I have two headset microphones. One, I think Logitech, seemed to work OK, but its sound quality was pure gamer. Just enough to let the other players know I was still breathing. It has a place of honor in a box in the garage.

The other one I used for my podcast test and is a terrific microphone and it would be even terrificker if I could find it. I searched all the subjunctive locations. The places where I would have put it had I put it there. But yes, it let me host the podcast in the middle of my noisy living room with little or no trash in the background.



The second of those videos is really amazing - great.

The first isn’t too bad either.
Are those two different software systems costly? I think I saw something about a subscription model on one of the comments - and I’m not doing that either. If there’s low cost or open source software out there which will behave similarly I might be interested.

I was rather thinking of a system which would do a short one off noise calibration before starting a session, rather than one which tries to guess which sounds are wanted and which aren’t. If those systems are always redoing the noise profile, how can they possibly know what is wanted and what is not?
Despite that though - in some application areas software like that would be really useful.

There’s “krisp” which is a software only service.
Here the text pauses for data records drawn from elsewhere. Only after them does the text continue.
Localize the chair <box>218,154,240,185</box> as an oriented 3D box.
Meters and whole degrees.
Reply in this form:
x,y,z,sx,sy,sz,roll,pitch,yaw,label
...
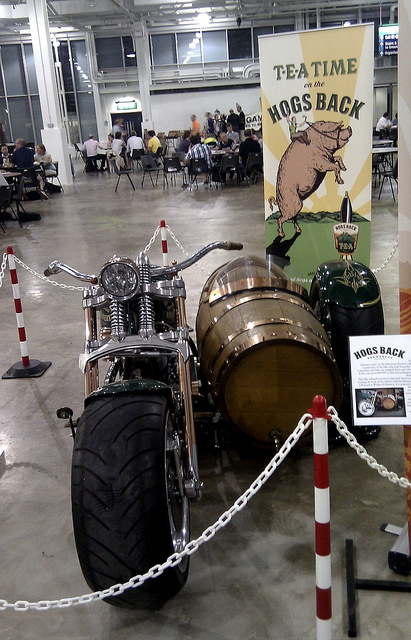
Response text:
x,y,z,sx,sy,sz,roll,pitch,yaw,label
0.700,-4.741,13.715,0.617,1.124,0.830,-2,43,-1,chair

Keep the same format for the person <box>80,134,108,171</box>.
x,y,z,sx,sy,sz,roll,pitch,yaw,label
-4.969,-7.594,20.518,0.921,1.584,1.892,-6,16,-7,person

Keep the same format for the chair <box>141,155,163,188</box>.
x,y,z,sx,sy,sz,roll,pitch,yaw,label
-1.908,-5.176,15.824,0.696,1.094,2.735,-5,16,-4,chair
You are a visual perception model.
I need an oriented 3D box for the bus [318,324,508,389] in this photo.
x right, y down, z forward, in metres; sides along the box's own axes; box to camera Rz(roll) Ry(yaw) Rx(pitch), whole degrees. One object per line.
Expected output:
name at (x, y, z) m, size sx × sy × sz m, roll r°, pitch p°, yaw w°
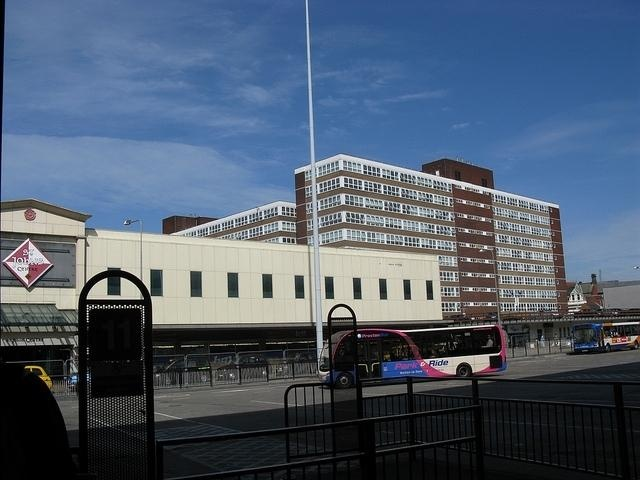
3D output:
bus at (4.828, 6.115, 36.341) m, size 11.035 × 2.605 × 2.413 m, roll 1°, pitch -8°, yaw -24°

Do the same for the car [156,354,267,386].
car at (-6.321, 7.706, 39.819) m, size 6.760 × 1.805 × 1.444 m, roll 7°, pitch -17°, yaw -39°
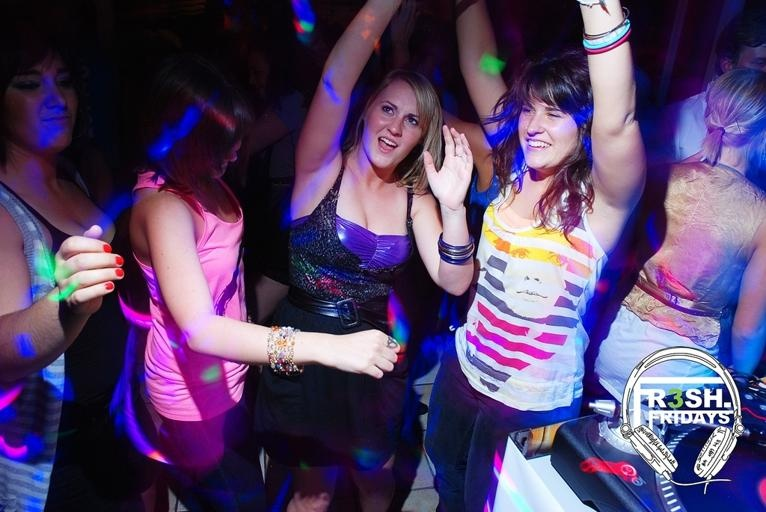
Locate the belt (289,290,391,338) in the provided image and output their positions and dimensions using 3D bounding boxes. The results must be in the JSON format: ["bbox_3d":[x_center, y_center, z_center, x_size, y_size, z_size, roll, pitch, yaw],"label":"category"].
[{"bbox_3d":[-0.240,0.346,2.743,0.368,0.135,0.279,16,-10,3],"label":"belt"}]
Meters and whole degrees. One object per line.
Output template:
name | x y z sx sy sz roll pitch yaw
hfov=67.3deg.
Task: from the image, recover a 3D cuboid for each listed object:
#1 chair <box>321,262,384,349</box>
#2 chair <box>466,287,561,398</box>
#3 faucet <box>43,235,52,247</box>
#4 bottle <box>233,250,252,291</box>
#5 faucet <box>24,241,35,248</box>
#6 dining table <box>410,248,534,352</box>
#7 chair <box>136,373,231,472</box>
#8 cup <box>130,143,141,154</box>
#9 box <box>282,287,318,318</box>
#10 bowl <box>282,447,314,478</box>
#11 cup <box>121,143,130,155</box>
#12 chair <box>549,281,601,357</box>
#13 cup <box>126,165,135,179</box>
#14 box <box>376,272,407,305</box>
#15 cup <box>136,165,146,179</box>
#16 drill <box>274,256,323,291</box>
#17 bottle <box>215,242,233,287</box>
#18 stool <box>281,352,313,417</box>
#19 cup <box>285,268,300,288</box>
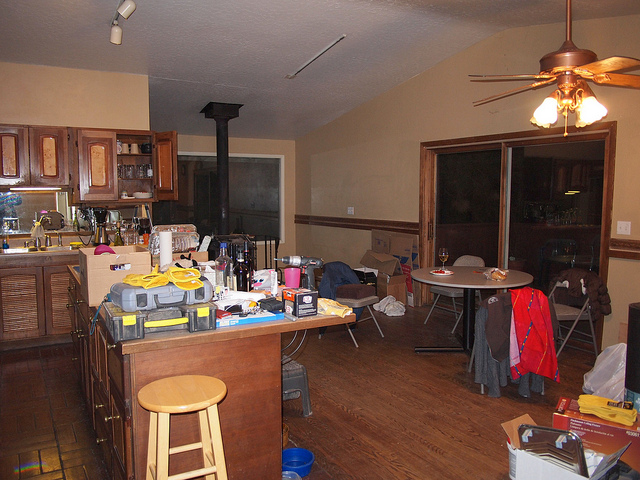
chair | 0.379 0.722 5.895 0.721 0.931 0.700 -1 1 -24
chair | 1.781 0.936 4.334 0.721 1.026 0.376 4 13 19
faucet | -3.363 0.006 5.909 0.074 0.149 0.228 -7 13 -28
bottle | -0.563 0.215 3.422 0.121 0.292 0.056 -2 12 -9
faucet | -3.620 0.048 5.891 0.170 0.069 0.094 6 13 28
dining table | 1.582 0.594 5.122 1.224 0.780 1.228 0 10 0
chair | -0.771 1.111 2.782 0.504 0.602 0.412 -3 12 -14
cup | -2.416 -1.198 6.256 0.126 0.136 0.154 -5 13 -22
box | -0.138 0.421 3.208 0.186 0.163 0.182 -4 4 -38
bowl | -0.158 1.605 3.431 0.223 0.169 0.241 0 12 0
cup | -2.524 -1.179 6.199 0.093 0.134 0.128 -5 13 -21
chair | 2.743 0.914 5.179 0.279 0.480 0.315 -18 -41 30
cup | -2.530 -0.912 6.377 0.112 0.168 0.200 -5 13 -21
box | 1.095 0.717 7.176 0.506 0.479 0.276 -5 13 -21
cup | -2.407 -0.918 6.373 0.096 0.162 0.183 -10 15 -39
drill | -0.140 0.253 3.391 0.344 0.274 0.113 3 -6 -23
bottle | -0.705 0.178 3.447 0.128 0.309 0.330 -2 12 -5
stool | -0.228 1.272 4.044 0.220 0.495 0.422 8 14 34
cup | -0.195 0.263 3.341 0.101 0.134 0.093 0 12 0

It has a free version which is limited to 2 hours per week. Beyond that it’s a monthly subscription (currently starting at $60 per year).

The Nvidia RTX version requires an Nvidia RTX video card, so there’s a one off cost of the video card (they’re not cheap).

Both are amazing and extremely complex products.

They are optimized for voice. They’ve used very clever AI modelling to determine what is a voice and what is not, then remove “not a voice” sounds.
There’s some information about how they work on the krisp website (commercial site: https://krisp.ai/blog/nvidia-rtx-voice-krisp/)

To some extent this is already done in apps such as Skype / Zoom, and some sound cards have similar noise reduction / echo cancellation features.

The significant down side to “dynamic” (as you record) noise reduction, is that if does something bad, there’s no going back - you have to re-record. It’s a lot quicker and easier to undo an effect and re-apply, than to re-record.